**EXERCISE OBJECTIVE:** Drop every picture, then print the rest of the listing exactly as given.

**SUPPLIED MATERIAL:**
'''
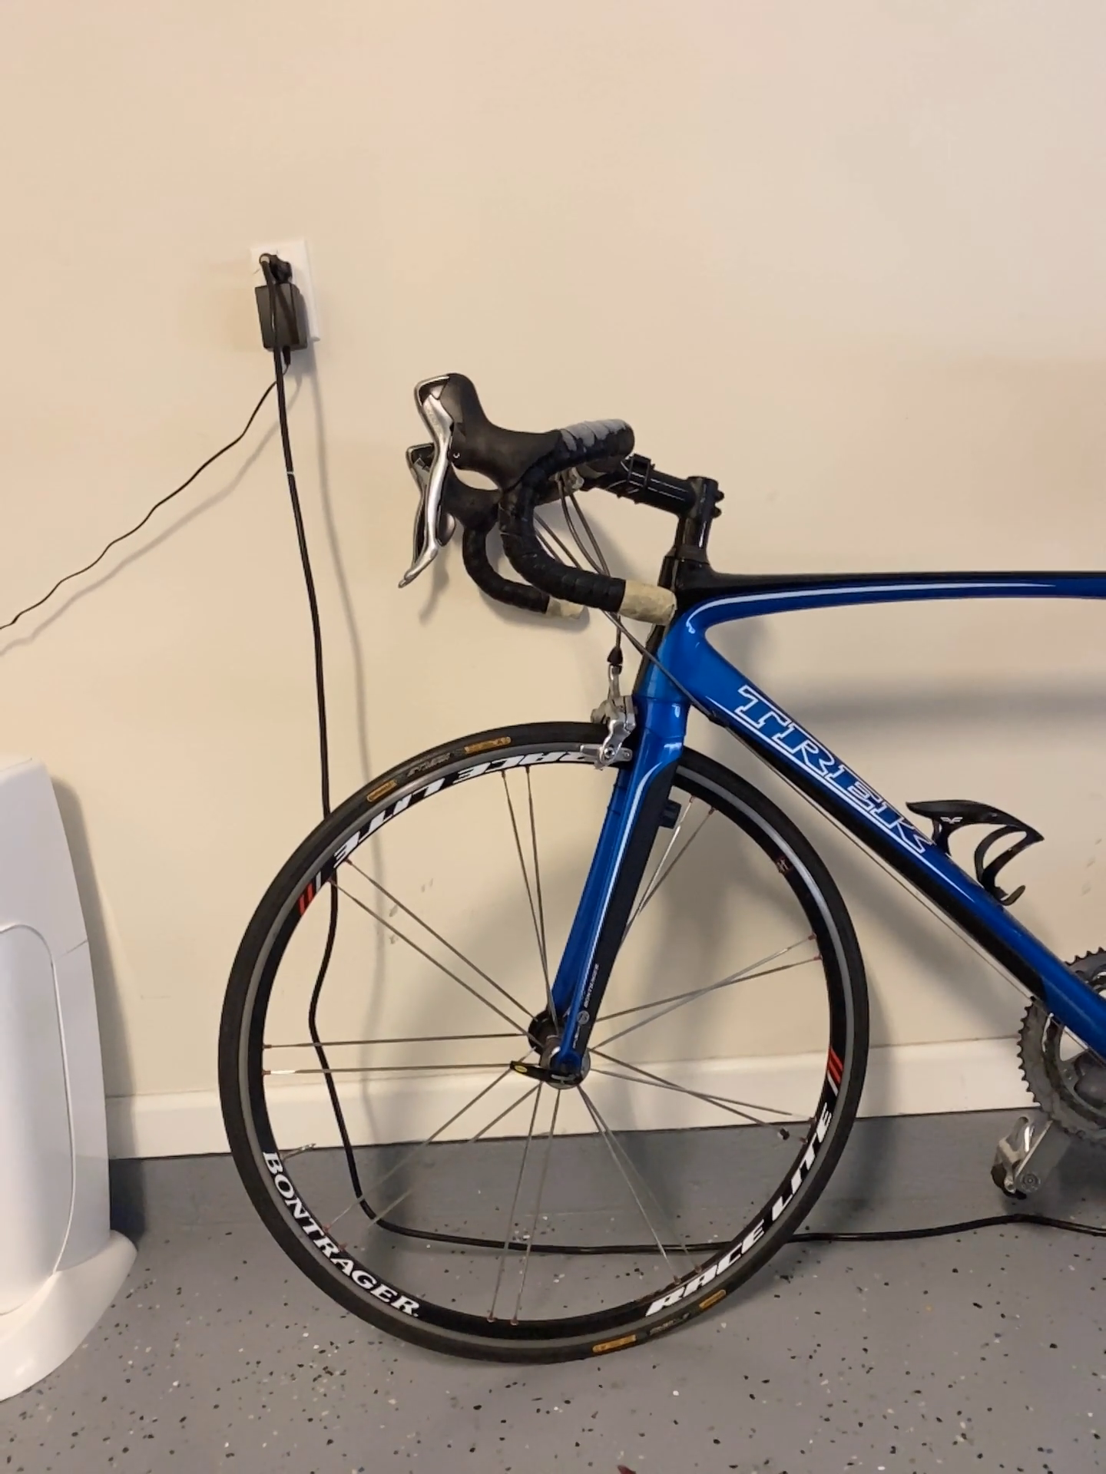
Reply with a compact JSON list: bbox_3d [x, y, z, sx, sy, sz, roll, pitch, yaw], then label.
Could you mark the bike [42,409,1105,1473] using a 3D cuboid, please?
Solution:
'''
**RESULT:**
Reply with a compact JSON list: bbox_3d [x, y, z, sx, sy, sz, roll, pitch, yaw], then label.
Could you mark the bike [42,409,1105,1473] using a 3D cuboid, please?
Solution:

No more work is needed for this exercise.